But you’ll admit, I’ve made no more mistakes
o’ the same sort since then. You see, I
perceived that, as my strength is considerable above
the average, the baboons would be likely to overload
me, so, arter profound excogitation wi’ myself,
I made up my mind what to do, an’ when they had
clapped on a little more than the rest o’ you
carried I began to groan, then I began to shake a
bit in my timbers, an’ look as if I was agoin’

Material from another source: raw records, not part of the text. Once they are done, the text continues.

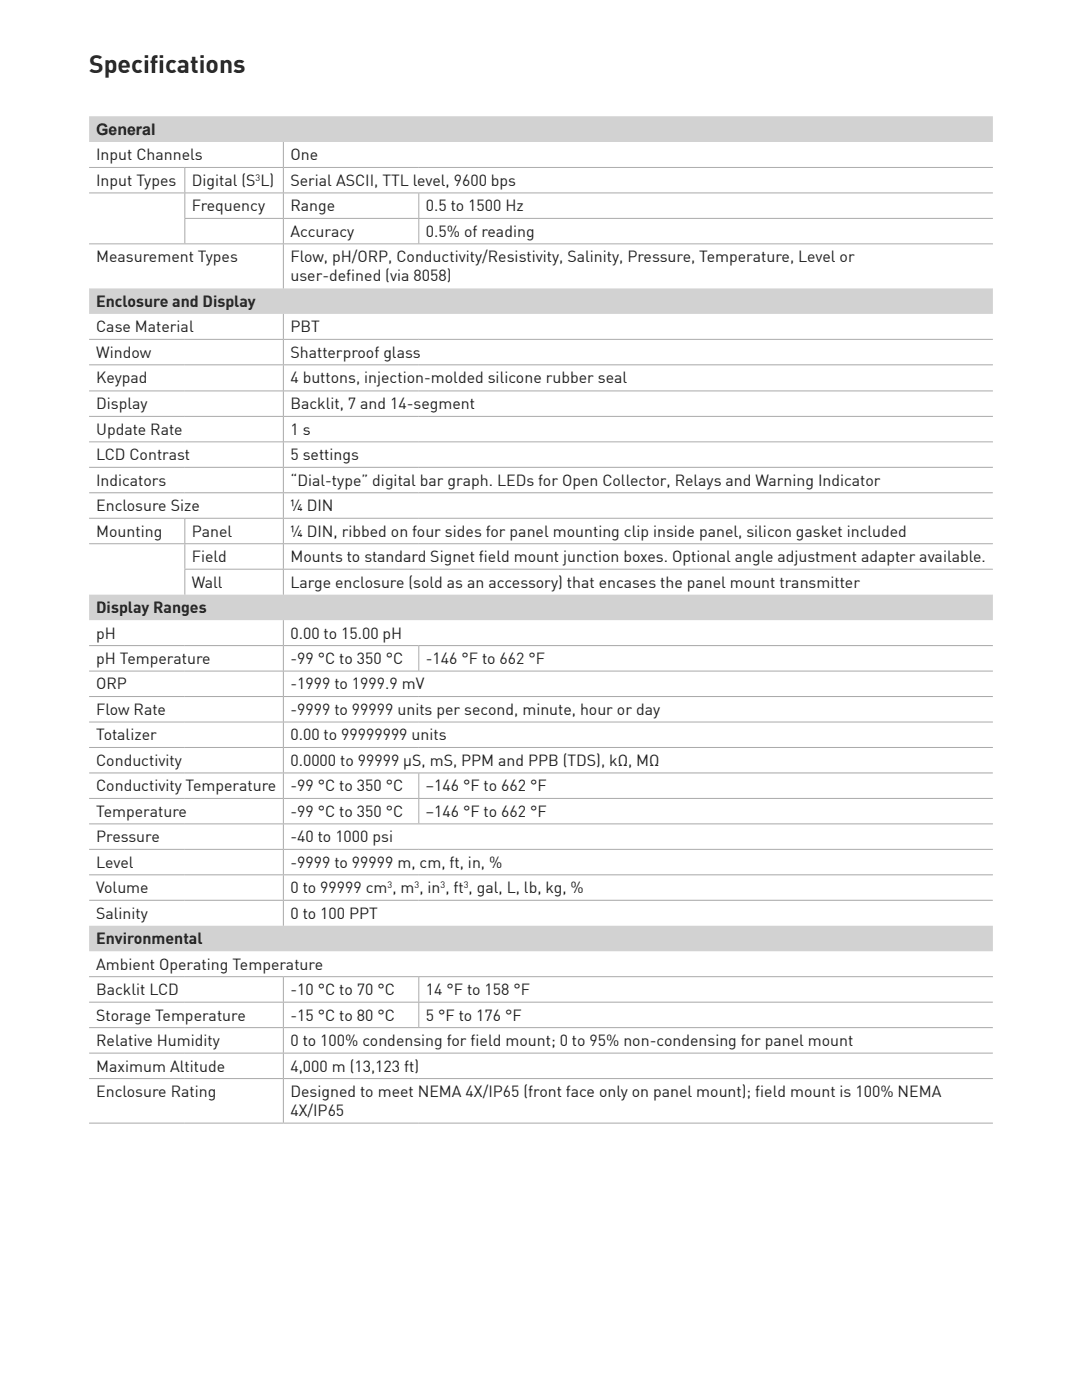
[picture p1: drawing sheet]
<svg xmlns="http://www.w3.org/2000/svg" width="216mm" height="279mm" viewBox="0 0 216 279" stroke-linecap="round" stroke-linejoin="round" font-family="sans-serif">
<defs><g id="words">
<text font-size="4.9" fill="#231f20" x="17.8" y="14.5">Specifications</text>
<g font-size="3.2" fill="#231f20">
<text x="19.2" y="26.9">General</text>
<text x="19.2" y="32">Input Channels</text>
<text x="58" y="32">One</text>
<text x="19.2" y="37.1">Input Types</text>
<text x="38.3" y="37.1">Digital (S L)</text>
<text x="58" y="37.1">Serial ASCII, TTL level, 9600 bps</text>
<text x="38.3" y="42.2">Frequency</text>
<text x="58" y="42.2">Range</text>
<text x="58" y="47.3">Accuracy</text>
<text x="85" y="42.2">0.5 to 1500 Hz</text>
<text x="85" y="47.3">0.5% of reading</text>
<text x="19.2" y="52.3">Measurement Types</text>
<text x="58" y="52.3">Flow, pH/ORP, Conductivity/Resistivity, Salinity, Pressure, Temperature, Level or</text>
<text x="58" y="56.1">user-defined (via 8058)</text>
<text x="19.2" y="61.2">Enclosure and Display</text>
<text x="19.2" y="66.3">Case Material</text>
<text x="19.2" y="71.4">Window</text>
<text x="58" y="66.3">PBT</text>
<text x="58" y="71.4">Shatterproof glass</text>
<text x="19.2" y="76.5">Keypad</text>
<text x="58" y="76.5">4 buttons, injection-molded silicone rubber seal</text>
<text x="19.2" y="81.7">Display</text>
<text x="58" y="81.7">Backlit, 7 and 14-segment</text>
<text x="19.2" y="86.8">Update Rate</text>
<text x="58" y="86.8">1 s</text>
<text x="19.2" y="91.9">LCD Contrast</text>
<text x="58" y="91.9">5 settings</text>
<text x="19.2" y="96.9">Indicators</text>
<text x="58" y="96.9">“Dial-type” digital bar graph. LEDs for Open Collector, Relays and Warning Indicator</text>
<text x="19.2" y="102">Enclosure Size</text>
<text x="19.2" y="107.1">Mounting</text>
<text x="38.3" y="107.1">Panel</text>
<text x="58" y="102">¼ DIN</text>
<text x="58" y="107.1">¼ DIN, ribbed on four sides for panel mounting clip inside panel, silicon gasket included</text>
<text x="38.3" y="112.2">Field</text>
<text x="58" y="112.2">Mounts to standard Signet field mount junction boxes. Optional angle adjustment adapter available.</text>
<text x="38.3" y="117.3">Wall</text>
<text x="58" y="117.3">Large enclosure (sold as an accessory) that encases the panel mount transmitter</text>
<text x="19.2" y="122.4">Display Ranges</text>
<text x="19.2" y="127.4">pH</text>
<text x="58" y="127.4">0.00 to 15.00 pH</text>
<text x="19.2" y="132.5">pH Temperature</text>
<text x="19.2" y="137.6">ORP</text>
<text x="58" y="132.5">-99 °C to 350 °C</text>
<text x="58" y="137.6">-1999 to 1999.9 mV</text>
<text x="85" y="132.5">-146 °F to 662 °F</text>
<text x="19.2" y="142.7">Flow Rate</text>
<text x="58" y="142.7">-9999 to 99999 units per second, minute, hour or day</text>
<text x="19.2" y="147.8">Totalizer</text>
<text x="58" y="147.8">0.00 to 99999999 units</text>
<text x="19.2" y="152.8">Conductivity</text>
<text x="58" y="152.8">0.0000 to 99999 µS, mS, PPM and PPB (TDS), kΩ, MΩ</text>
<text x="19.2" y="157.9">Conductivity Temperature</text>
<text x="58" y="157.9">-99 °C to 350 °C</text>
<text x="85" y="157.9">–146 °F to 662 °F</text>
<text x="19.2" y="163">Temperature</text>
<text x="58" y="163">-99 °C to 350 °C</text>
<text x="85" y="163">–146 °F to 662 °F</text>
<text x="19.2" y="168.1">Pressure</text>
<text x="19.2" y="173.2">Level</text>
<text x="58" y="168.1">-40 to 1000 psi</text>
<text x="58" y="173.2">-9999 to 99999 m, cm, ft, in, %</text>
<text x="19.2" y="178.3">Volume</text>
<text x="58" y="178.3">0 to 99999 cm , m , in , ft , gal, L, lb, kg, %</text>
<text x="19.2" y="183.3">Salinity</text>
<text x="58" y="183.3">0 to 100 PPT</text>
<text x="19.2" y="188.4">Environmental</text>
<text x="19.2" y="193.5">Ambient Operating Temperature</text>
<text x="19.2" y="198.6">Backlit LCD</text>
<text x="19.2" y="203.7">Storage Temperature</text>
<text x="58" y="198.6">-10 °C to 70 °C</text>
<text x="58" y="203.7">-15 °C to 80 °C</text>
<text x="85" y="198.6">14 °F to 158 °F</text>
<text x="85" y="203.7">5 °F to 176 °F</text>
<text x="19.2" y="208.8">Relative Humidity</text>
<text x="58" y="208.8">0 to 100% condensing for field mount; 0 to 95% non-condensing for panel mount</text>
<text x="19.2" y="213.8">Maximum Altitude</text>
<text x="58" y="213.8">4,000 m (13,123 ft)</text>
<text x="19.2" y="218.9">Enclosure Rating</text>
<text x="58" y="218.9">Designed to meet NEMA 4X/IP65 (front face only on panel mount); field mount is 100% NEMA</text>
<text x="58" y="222.7">4X/IP65</text>
</g>
<g font-size="1.9" fill="#231f20">
<text x="51" y="36">3</text>
<text x="77.3" y="177.2">3</text>
<text x="82.7" y="177.2">3</text>
<text x="87.9" y="177.2">3</text>
<text x="92.5" y="177.2">3</text>
</g>
</g></defs>
<path d="M17.8 23.2h180.3v5.1h-180.3zM17.8 57.6h180.3v5h-180.3zM17.8 118.7h180.3v5.1h-180.3zM17.8 184.8h180.3v5h-180.3z" fill="#d1d2d4"/>
<g fill="none" stroke="#a8a9ad" stroke-width=".2">
<path d="M17.8 33.4h180.3M17.8 38.5h180.3M36.9 33.5v4.9M36.9 38.6v4.9M56.5 28.3v5M56.5 33.5v4.9M56.5 38.6v4.9M83.6 38.6v4.9M17.8 48.7h180.3M36.8 43.6h161.3M36.9 43.7v4.9M56.5 43.7v4.9"/>
<path d="M56.5 48.8v8.8M83.6 43.7v4.9M17.8 67.7h180.3M17.8 72.8h180.3M17.8 78h180.3M56.5 62.6v5M56.5 67.8v4.9M56.5 72.9v5M56.5 78.1v4.9M17.8 83.1h180.3M17.8 88.2h180.3M17.8 93.3h180.3"/>
<path d="M17.8 98.3h180.3M56.5 83.2v4.9M56.5 88.3v4.9M56.5 93.4v4.9M56.5 98.4v4.9M17.8 103.4h180.3M17.8 108.5h180.3M36.8 113.6h161.3M36.9 103.5v4.9M36.9 108.6v4.9M36.9 113.7v5M56.5 103.5v4.9"/>
<path d="M56.5 108.6v4.9M56.5 113.7v5M17.8 128.8h180.3M17.8 133.9h180.3M17.8 139h180.3M56.5 123.8v5M56.5 128.9v4.9M56.5 134v4.9M56.5 139.1v4.9M83.6 128.9v4.9M17.8 144.1h180.3M17.8 149.2h180.3"/>
<path d="M17.8 154.3h180.3M17.8 159.3h180.3M56.5 144.2v4.9M56.5 149.3v4.9M56.5 154.3v5M56.5 159.4v4.9M83.6 154.3v5M83.6 159.4v4.9M17.8 164.4h180.3M17.8 169.5h180.3M17.8 174.6h180.3M17.8 179.7h180.3"/>
<path d="M56.5 164.5v4.9M56.5 169.6v4.9M56.5 174.7v4.9M56.5 179.8v5M17.8 194.9h180.3M56.5 195v4.9M83.6 195v4.9M17.8 200h180.3M17.8 205.1h180.3M17.8 210.2h180.3M17.8 215.3h180.3M56.5 200.1v4.9"/>
<path d="M56.5 205.2v4.9M56.5 210.3v4.9M56.5 215.3v8.8M83.6 200.1v4.9M17.8 224.1h180.3"/>
</g>
<use href="#words"/>
</svg>

to founder. It didn’t check ’em much,
for they’re awful cruel, so I went fairly down
by the head. I had a pretty fair guess that this
would bring the lash about my shoulders, an’
I was right, but I got up wery slowly an’ broken-down-like,
so that the baboons was fairly humbugged, and stopped
loadin’ of me long afore I’d taken in a
full cargo so, you see, boys, I’ve
bin sailin’ raither light than otherwise.”
“But do you mean to tell me
that the load you’ve bin carryin’ is not
too heavy for you?” asked Moses.
“That’s just what I does
mean to tell you, lad. I could carry a good
deal more, an’ dance with it. You see,
they ain’t used to men o’ my size, so
I was able to humbug ’em into a miscalkilation.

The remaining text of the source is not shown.